Les deux derniers individus accusés du meurtre de Raymond Ellis, ce jeune homme pris pour un autre et lynché à mort dans un bar du centre-ville de Montréal en octobre 2005, ont été condamnés à 15 et 14 ans de prison ce matin au Palais de justice de Montréal, dans un jugement d'une dureté rarement vue.

Le juge Michael Stober de la Cour Supérieure a même rendu des sentences plus sévères que ce que la Poursuite réclamait pour John Tshiamala et Evans Belleville. Il ne s'est pas gêné pour toiser directement les deux condamnés de 28 et 29 ans, originaires du Congo et de Haïti, et leur rappeler que leur pays d'accueil leur avait fait confiance.

«Les deux étaient adolescents lorsqu'ils sont arrivés ici. Ils ont été accueillis à bras ouverts. Ils ont eu des difficultés dans leur pays d'origine, mais ces difficultés ne peuvent servir de bouclier de justifications pour les crimes commis dans leur nouveau pays. À un moment donné, il faut être responsable de ses actes et ne pas se cacher derrière son passé», a d'abord lancé le juge Stober.

«Vous êtes arrivés ici à un bel âge. Vous avez tous les deux obtenu les avantages de tous les citoyens canadiens ; éducation gratuite, assurance-maladie, assurance-emploi, aide sociale. Vous avez fait montre d'un mépris et d'un manque de respect flagrant envers l'administration de la justice et les gouvernements du Québec et du Canada», a ajouté le magistrat, tout en soulignant le fait que leur victime, Raymond Ellis, était également originaire d'un autre pays, la Jamaïque, mais qu'il avait choisi d'étudier, d'obtenir un diplôme et d'ouvrir sa propre boutique de vêtement où il travaillait jusqu'à ce qu'il soit «victime d'une attaque sauvage et gratuite nullement provoquée, une brutalité digne d'un bassesse de l'humanité».

Lynchage en règle

Le soir du 23 octobre 2005, Raymond Ellis, 25 ans, et deux de ses amis se sont présentés au bar Aria sans savoir que des dizaines de membres des Bleus tenaient une soirée à la mémoire d'un des leurs récemment assassiné. Soudain, l'un des Bleus a pris Ellis pour le meurtrier et ce dernier a été frappé par une horde d'individus à coups de couteau, de tabouret, de poings et de pieds. Il est décédé peu après.

Cinq hommes avaient été arrêtés, mais leur procès a pris fin sur un arrêt des procédures en janvier 2009. La Cour d'Appel a ordonné la tenue d'un second procès. Deux autres accusés, Ernso Théobrun et McLee Charles ont reconnu leur culpabilité à une accusation d'homicide involontaire coupable et ont été condamnés respectivement à 10 ans et neuf mois, et neuf ans de prison.

Mais Tshiamala et Belleville ont subi leur procès et un jury les a déclarés coupables le trois février dernier.

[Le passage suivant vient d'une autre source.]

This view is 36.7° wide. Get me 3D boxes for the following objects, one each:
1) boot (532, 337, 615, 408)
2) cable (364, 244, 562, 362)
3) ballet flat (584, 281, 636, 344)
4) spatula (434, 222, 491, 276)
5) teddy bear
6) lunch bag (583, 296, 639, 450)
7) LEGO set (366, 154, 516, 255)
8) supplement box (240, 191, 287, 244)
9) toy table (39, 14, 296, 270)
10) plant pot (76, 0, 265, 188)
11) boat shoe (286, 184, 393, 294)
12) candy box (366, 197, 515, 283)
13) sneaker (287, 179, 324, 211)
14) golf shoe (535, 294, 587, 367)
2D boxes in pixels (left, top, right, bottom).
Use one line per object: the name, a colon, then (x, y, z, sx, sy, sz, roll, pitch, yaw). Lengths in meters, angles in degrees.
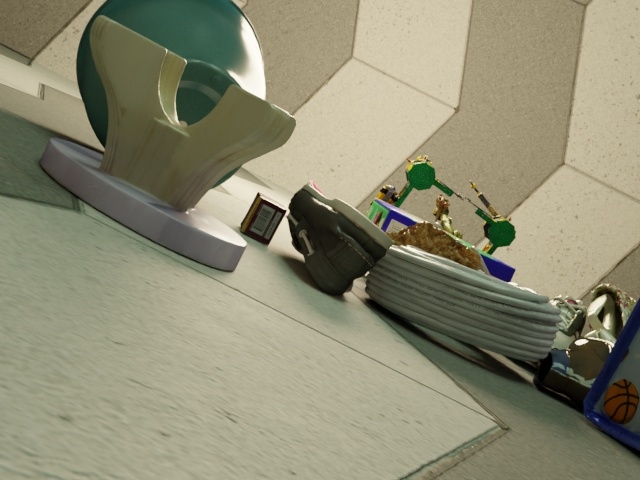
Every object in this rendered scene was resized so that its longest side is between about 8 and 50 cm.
boot: (0.330, 0.158, 1.263, 0.106, 0.082, 0.219, 25, 12, -3)
cable: (0.176, 0.076, 1.229, 0.257, 0.089, 0.257, 19, 2, -18)
ballet flat: (0.412, 0.146, 1.403, 0.077, 0.091, 0.241, 48, 32, -14)
spatula: (0.267, 0.080, 1.640, 0.242, 0.019, 0.168, 58, -8, -31)
teddy bear: (0.163, 0.058, 1.526, 0.245, 0.113, 0.338, 33, -5, -8)
lunch bag: (0.538, 0.111, 1.107, 0.327, 0.385, 0.239, 23, 6, -31)
LEGO set: (0.259, -0.037, 2.170, 0.331, 0.255, 0.192, 27, 9, -6)
supplement box: (-0.077, -0.030, 1.296, 0.043, 0.055, 0.083, 27, 5, -8)
toy table: (-0.149, -0.097, 0.944, 0.274, 0.161, 0.252, 30, 5, 32)
plant pot: (-0.192, -0.193, 1.302, 0.271, 0.272, 0.255, 25, 18, -23)
boat shoe: (0.000, 0.000, 1.224, 0.112, 0.095, 0.335, 42, -3, -10)
candy box: (0.215, 0.032, 1.919, 0.268, 0.122, 0.317, 26, 3, -5)
sneaker: (-0.026, -0.057, 1.970, 0.063, 0.075, 0.170, 44, 18, -29)
golf shoe: (0.345, 0.136, 1.466, 0.105, 0.120, 0.273, 30, 6, 14)
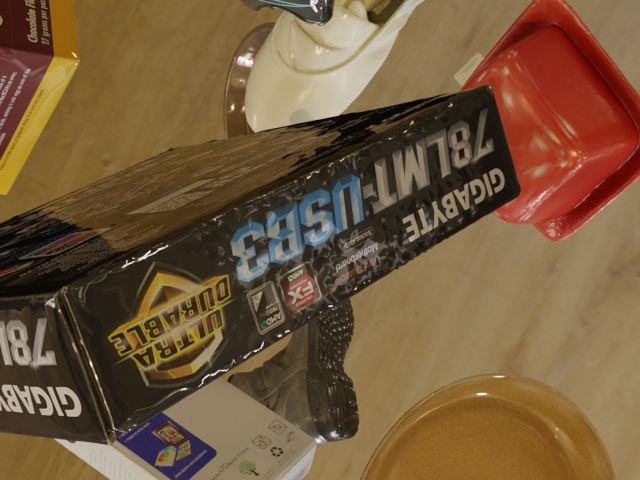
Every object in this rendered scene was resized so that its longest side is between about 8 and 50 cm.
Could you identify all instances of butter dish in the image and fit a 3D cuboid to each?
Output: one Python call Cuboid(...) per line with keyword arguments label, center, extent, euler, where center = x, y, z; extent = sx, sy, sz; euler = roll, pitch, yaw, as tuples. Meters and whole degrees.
Cuboid(label="butter dish", center=(0.154, -0.081, 0.831), extent=(0.118, 0.160, 0.160), euler=(-23, 73, -37))

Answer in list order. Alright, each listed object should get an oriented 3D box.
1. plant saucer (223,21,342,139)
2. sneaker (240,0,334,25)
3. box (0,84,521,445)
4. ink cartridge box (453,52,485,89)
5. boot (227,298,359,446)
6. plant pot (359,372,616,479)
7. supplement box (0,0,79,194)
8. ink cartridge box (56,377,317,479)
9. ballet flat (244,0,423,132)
Cuboid(label="plant saucer", center=(-0.053, -0.165, 1.507), extent=(0.041, 0.278, 0.278), euler=(-9, 96, -35))
Cuboid(label="sneaker", center=(-0.083, -0.263, 0.982), extent=(0.101, 0.267, 0.106), euler=(-38, 131, -20))
Cuboid(label="box", center=(-0.091, 0.005, 0.587), extent=(0.295, 0.293, 0.073), euler=(-29, 105, -42))
Cuboid(label="ink cartridge box", center=(0.256, -0.200, 1.537), extent=(0.052, 0.088, 0.122), euler=(-43, 72, 6))
Cuboid(label="boot", center=(-0.063, 0.196, 1.761), extent=(0.222, 0.338, 0.118), euler=(-23, 139, 29))
Cuboid(label="plant pot", center=(0.118, 0.214, 0.787), extent=(0.236, 0.032, 0.236), euler=(0, 89, -25))
Cuboid(label="supplement box", center=(-0.304, -0.143, 0.787), extent=(0.194, 0.191, 0.129), euler=(5, 60, -31))
Cuboid(label="ink cartridge box", center=(-0.185, 0.199, 1.202), extent=(0.332, 0.165, 0.065), euler=(31, 131, 21))
Cuboid(label="ballet flat", center=(0.049, -0.285, 1.215), extent=(0.139, 0.139, 0.400), euler=(43, 79, -4))
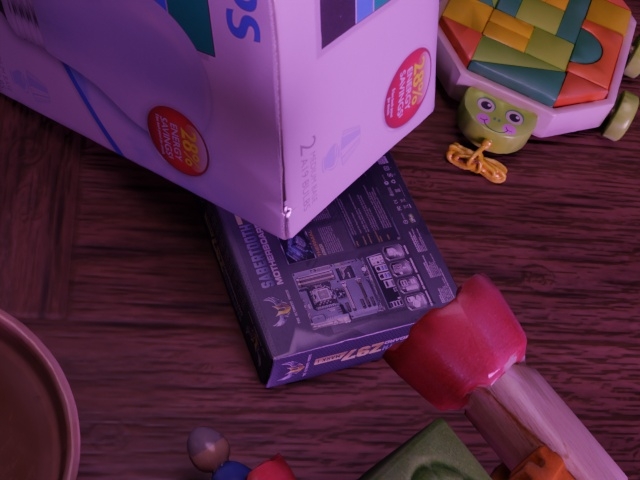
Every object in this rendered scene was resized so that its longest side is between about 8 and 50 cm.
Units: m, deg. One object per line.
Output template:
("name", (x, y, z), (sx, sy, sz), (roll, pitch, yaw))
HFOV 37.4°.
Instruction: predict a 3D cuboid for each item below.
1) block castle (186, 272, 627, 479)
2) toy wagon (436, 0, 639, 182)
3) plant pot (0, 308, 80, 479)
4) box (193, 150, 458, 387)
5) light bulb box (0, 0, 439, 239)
("block castle", (-0.051, 0.178, 0.475), (0.213, 0.303, 0.453), (50, 26, 11))
("toy wagon", (0.229, -0.205, 1.058), (0.267, 0.068, 0.344), (25, 53, 4))
("plant pot", (-0.286, 0.155, 0.629), (0.237, 0.110, 0.237), (10, 54, -15))
("box", (0.000, 0.000, 0.853), (0.183, 0.059, 0.233), (-13, 59, -21))
("light bulb box", (-0.107, -0.251, 0.769), (0.361, 0.358, 0.225), (27, 51, 27))
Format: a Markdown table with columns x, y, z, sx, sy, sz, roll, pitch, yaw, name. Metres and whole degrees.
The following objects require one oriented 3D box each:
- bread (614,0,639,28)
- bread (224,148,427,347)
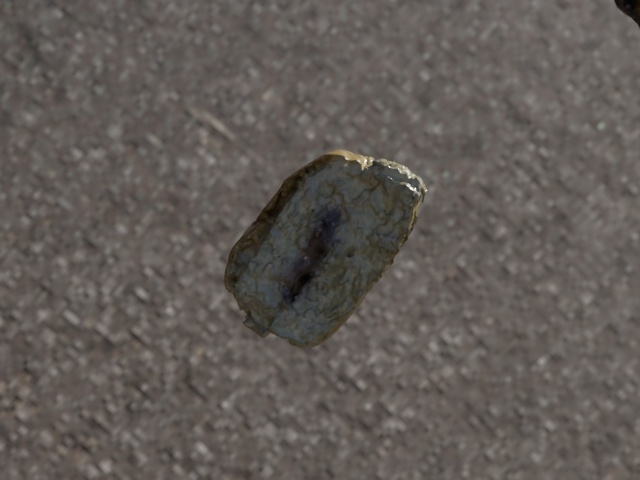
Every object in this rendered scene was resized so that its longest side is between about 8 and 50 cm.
| x | y | z | sx | sy | sz | roll | pitch | yaw | name |
| --- | --- | --- | --- | --- | --- | --- | --- | --- | --- |
| 0.163 | -0.033 | 0.537 | 0.160 | 0.169 | 0.140 | 17 | 20 | 14 | bread |
| 0.002 | -0.001 | 0.989 | 0.082 | 0.125 | 0.106 | 35 | 5 | -4 | bread |
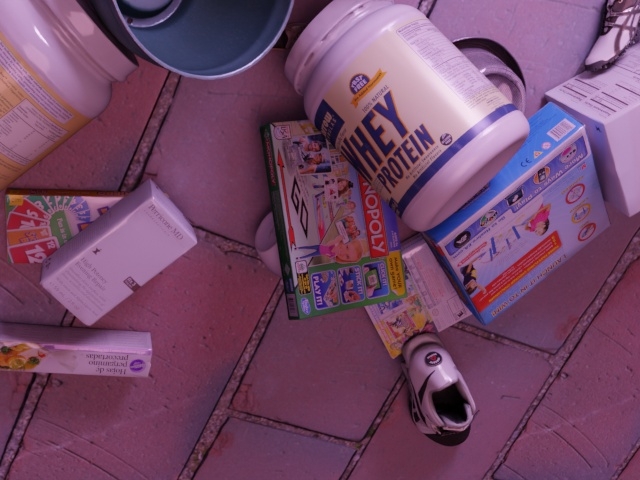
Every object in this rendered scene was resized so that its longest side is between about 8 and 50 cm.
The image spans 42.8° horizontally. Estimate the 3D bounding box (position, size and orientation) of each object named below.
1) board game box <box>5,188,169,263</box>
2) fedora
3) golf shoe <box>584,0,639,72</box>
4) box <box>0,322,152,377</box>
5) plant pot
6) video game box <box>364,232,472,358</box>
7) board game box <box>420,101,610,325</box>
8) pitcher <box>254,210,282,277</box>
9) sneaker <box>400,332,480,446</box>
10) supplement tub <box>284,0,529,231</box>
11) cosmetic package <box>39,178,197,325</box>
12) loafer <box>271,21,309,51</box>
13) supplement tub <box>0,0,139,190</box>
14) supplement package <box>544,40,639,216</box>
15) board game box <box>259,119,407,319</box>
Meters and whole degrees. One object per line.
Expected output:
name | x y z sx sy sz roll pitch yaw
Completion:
board game box | -0.385 -0.022 1.360 0.259 0.039 0.124 -1 115 -18
fedora | 0.252 -0.206 1.397 0.244 0.124 0.275 29 104 -25
golf shoe | 0.518 -0.387 1.425 0.094 0.077 0.198 39 96 -13
box | -0.460 0.190 1.418 0.324 0.067 0.063 6 113 -19
plant pot | -0.205 -0.377 1.122 0.293 0.196 0.293 -14 112 -38
video game box | 0.174 0.102 1.564 0.187 0.048 0.205 -30 119 -3
board game box | 0.343 -0.035 1.430 0.308 0.086 0.302 -39 139 -1
pitcher | 0.000 0.000 1.439 0.207 0.125 0.177 28 82 -34
sneaker | 0.249 0.342 1.628 0.122 0.146 0.330 -29 132 -3
supplement tub | 0.124 -0.201 1.232 0.235 0.235 0.325 -43 79 7
cosmetic package | -0.328 0.020 1.329 0.231 0.085 0.117 -38 120 5
loafer | -0.064 -0.320 1.303 0.125 0.039 0.045 -10 116 -11
supplement tub | -0.446 -0.222 1.130 0.331 0.241 0.241 -37 118 3
supplement package | 0.581 -0.216 1.442 0.263 0.198 0.199 -29 120 -1
board game box | 0.025 -0.043 1.353 0.214 0.046 0.317 -9 91 -28
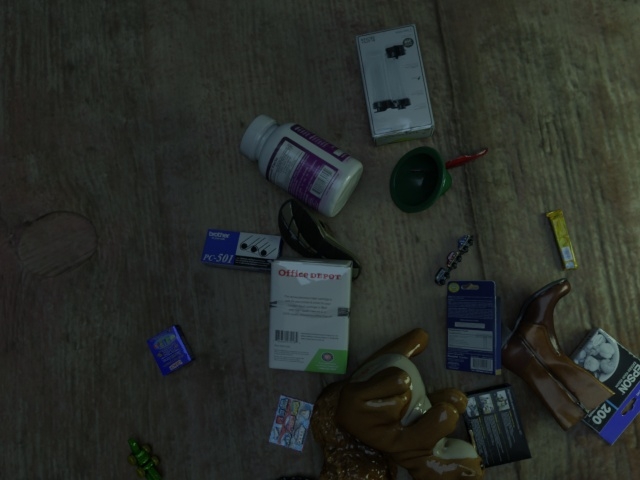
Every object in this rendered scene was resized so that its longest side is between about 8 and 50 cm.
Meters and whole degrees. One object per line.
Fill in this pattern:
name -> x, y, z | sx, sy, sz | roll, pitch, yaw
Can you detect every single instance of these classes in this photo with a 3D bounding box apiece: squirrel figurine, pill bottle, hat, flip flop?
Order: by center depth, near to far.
squirrel figurine -> 0.181, 0.482, 1.255 | 0.397, 0.281, 0.371 | -33, 91, 16
pill bottle -> -0.054, -0.203, 1.378 | 0.301, 0.169, 0.169 | 33, 88, 9
flip flop -> 0.000, 0.000, 1.394 | 0.277, 0.080, 0.112 | 40, 115, -5
hat -> 0.320, -0.151, 1.400 | 0.208, 0.183, 0.173 | -19, 70, 46

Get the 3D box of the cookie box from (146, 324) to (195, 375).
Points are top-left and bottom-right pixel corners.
cookie box -> -0.406, 0.298, 1.425 | 0.091, 0.040, 0.107 | -29, 81, 2

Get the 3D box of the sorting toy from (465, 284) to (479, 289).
sorting toy -> 0.389, 0.156, 1.360 | 0.083, 0.012, 0.062 | -40, 79, 1

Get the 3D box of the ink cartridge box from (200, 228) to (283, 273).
ink cartridge box -> -0.211, 0.030, 1.419 | 0.207, 0.046, 0.097 | 6, 71, 9

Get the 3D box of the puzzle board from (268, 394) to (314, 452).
puzzle board -> -0.077, 0.481, 1.379 | 0.096, 0.011, 0.128 | 14, 86, 8

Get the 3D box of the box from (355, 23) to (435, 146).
box -> 0.197, -0.413, 1.412 | 0.169, 0.087, 0.290 | -11, 82, 5

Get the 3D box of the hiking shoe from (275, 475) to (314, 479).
hiking shoe -> -0.126, 0.704, 1.328 | 0.304, 0.113, 0.132 | -24, 107, 1

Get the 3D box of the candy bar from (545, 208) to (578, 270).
candy bar -> 0.622, 0.000, 1.347 | 0.040, 0.018, 0.162 | -14, 82, 9

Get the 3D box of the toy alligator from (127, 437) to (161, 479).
toy alligator -> -0.458, 0.610, 1.393 | 0.190, 0.056, 0.051 | 50, 133, 8

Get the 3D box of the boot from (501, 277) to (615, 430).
boot -> 0.579, 0.263, 1.252 | 0.264, 0.096, 0.280 | -44, 67, 1

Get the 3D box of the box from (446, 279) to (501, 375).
box -> 0.380, 0.212, 1.307 | 0.136, 0.036, 0.225 | -4, 83, 44

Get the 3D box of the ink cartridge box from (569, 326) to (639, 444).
ink cartridge box -> 0.698, 0.358, 1.284 | 0.208, 0.045, 0.206 | 39, 89, 8

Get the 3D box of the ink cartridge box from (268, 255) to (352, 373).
ink cartridge box -> -0.023, 0.183, 1.330 | 0.198, 0.115, 0.273 | 4, 96, 8

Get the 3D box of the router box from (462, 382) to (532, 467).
router box -> 0.430, 0.460, 1.303 | 0.133, 0.046, 0.179 | -14, 82, 5

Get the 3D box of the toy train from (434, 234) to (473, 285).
toy train -> 0.348, 0.048, 1.372 | 0.036, 0.027, 0.158 | 35, 89, 20
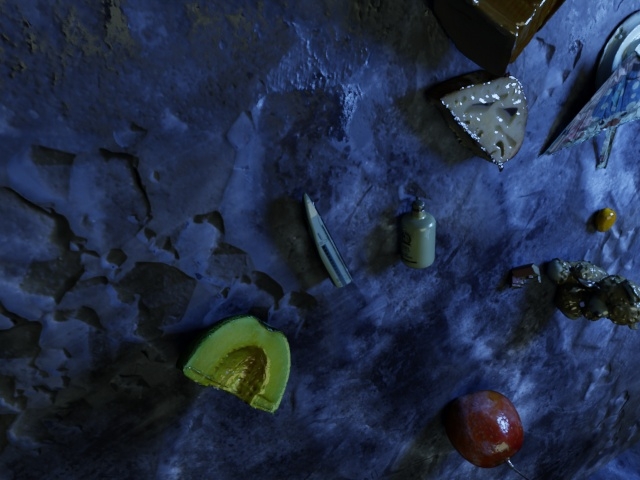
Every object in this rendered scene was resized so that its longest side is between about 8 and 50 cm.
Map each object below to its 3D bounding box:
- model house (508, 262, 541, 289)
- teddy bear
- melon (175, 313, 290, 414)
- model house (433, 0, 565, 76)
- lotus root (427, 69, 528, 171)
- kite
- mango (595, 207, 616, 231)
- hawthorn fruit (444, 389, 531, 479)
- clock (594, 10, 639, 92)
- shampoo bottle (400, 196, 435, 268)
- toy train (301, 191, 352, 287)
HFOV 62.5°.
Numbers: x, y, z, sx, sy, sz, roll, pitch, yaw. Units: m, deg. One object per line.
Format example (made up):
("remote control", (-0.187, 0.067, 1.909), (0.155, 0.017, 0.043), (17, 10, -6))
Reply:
("model house", (0.563, 0.099, 1.473), (0.083, 0.057, 0.058), (-17, 150, 40))
("teddy bear", (0.805, 0.155, 1.520), (0.156, 0.256, 0.267), (-40, 130, -7))
("melon", (-0.179, 0.238, 1.123), (0.265, 0.129, 0.169), (39, 74, -36))
("model house", (0.341, -0.455, 0.948), (0.199, 0.219, 0.229), (41, 90, 2))
("lotus root", (0.350, -0.272, 1.118), (0.170, 0.074, 0.260), (-46, 128, 3))
("kite", (0.721, -0.306, 1.297), (0.406, 0.014, 0.368), (-22, 140, -3))
("mango", (0.825, -0.057, 1.532), (0.060, 0.046, 0.089), (-24, 140, -11))
("hawthorn fruit", (0.512, 0.591, 1.651), (0.235, 0.263, 0.231), (-7, 103, 6))
("clock", (0.765, -0.426, 1.264), (0.236, 0.053, 0.237), (-14, 126, -21))
("shampoo bottle", (0.222, -0.018, 1.200), (0.079, 0.079, 0.162), (-19, 127, -18))
("toy train", (0.001, 0.000, 1.110), (0.048, 0.055, 0.252), (-28, 128, 1))
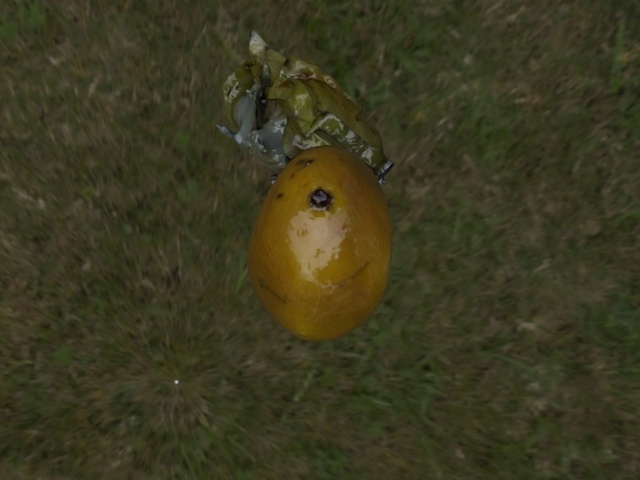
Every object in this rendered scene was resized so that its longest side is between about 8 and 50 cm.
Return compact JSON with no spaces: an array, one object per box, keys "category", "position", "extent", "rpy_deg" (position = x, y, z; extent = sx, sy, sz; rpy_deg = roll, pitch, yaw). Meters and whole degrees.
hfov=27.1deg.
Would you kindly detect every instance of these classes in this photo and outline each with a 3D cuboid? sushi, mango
[{"category":"sushi","position":[-0.034,-0.119,1.336],"extent":[0.139,0.291,0.131],"rpy_deg":[35,99,-26]},{"category":"mango","position":[0.000,0.000,1.027],"extent":[0.109,0.227,0.147],"rpy_deg":[-2,94,1]}]
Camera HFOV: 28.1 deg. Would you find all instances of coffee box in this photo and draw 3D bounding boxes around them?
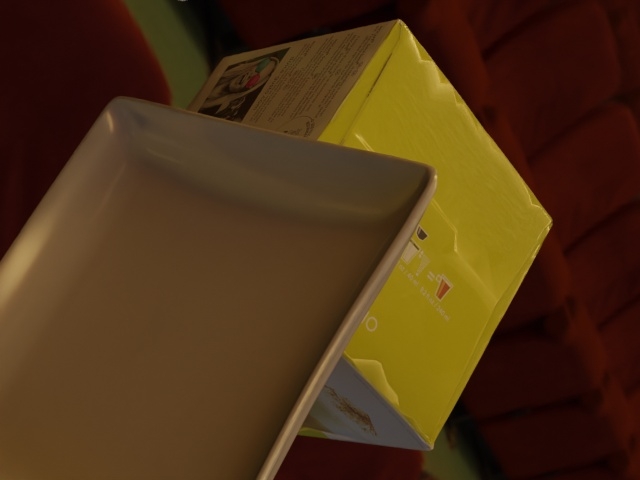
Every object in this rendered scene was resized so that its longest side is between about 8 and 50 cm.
[{"bbox_3d":[0.000,0.000,1.486,0.337,0.334,0.338,48,60,-28],"label":"coffee box"}]

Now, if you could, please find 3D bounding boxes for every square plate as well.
[{"bbox_3d":[-0.120,0.069,0.898,0.049,0.344,0.347,46,68,-45],"label":"square plate"}]

Juste avant que le juge rende sa décision ce matin, Tshiamala a déposé une lettre dans laquelle il a offert ses sincères condoléances à la famille Ellis, ajoutant qu'il avait fait «les mauvais choix et eu les mauvaises fréquentations, mais qu'il n'était plus le même aujourd'hui». Trop peu trop tard pour le juge Stober qui a qualifié les écrits de Tshiamala «d'intéressés, non sincères et de tentative d'obtenir une peine plus clémente».

En soustrayant la détention préventive, il reste 4 ans et sept mois de prison à purger à Tshiamala à compter de ce jour et trois ans et cinq mois pour Belleville.

«C'est une grande victoire pour la justice. Cela ne nous ramènera pas notre fils, mais cela va nous aider à continuer», a déclaré Raphael Ellis, le père de Raymond Ellis à la sortie de la salle d'audience.

«Nous sommes satisfaits. J'espère que ce jugement va faire en sorte que ce genre de meurtre gratuit va cesser», a renchéri la mère de la victime, Joyce Ellis, qui a pratiquement suivi toutes les procédures depuis huit ans.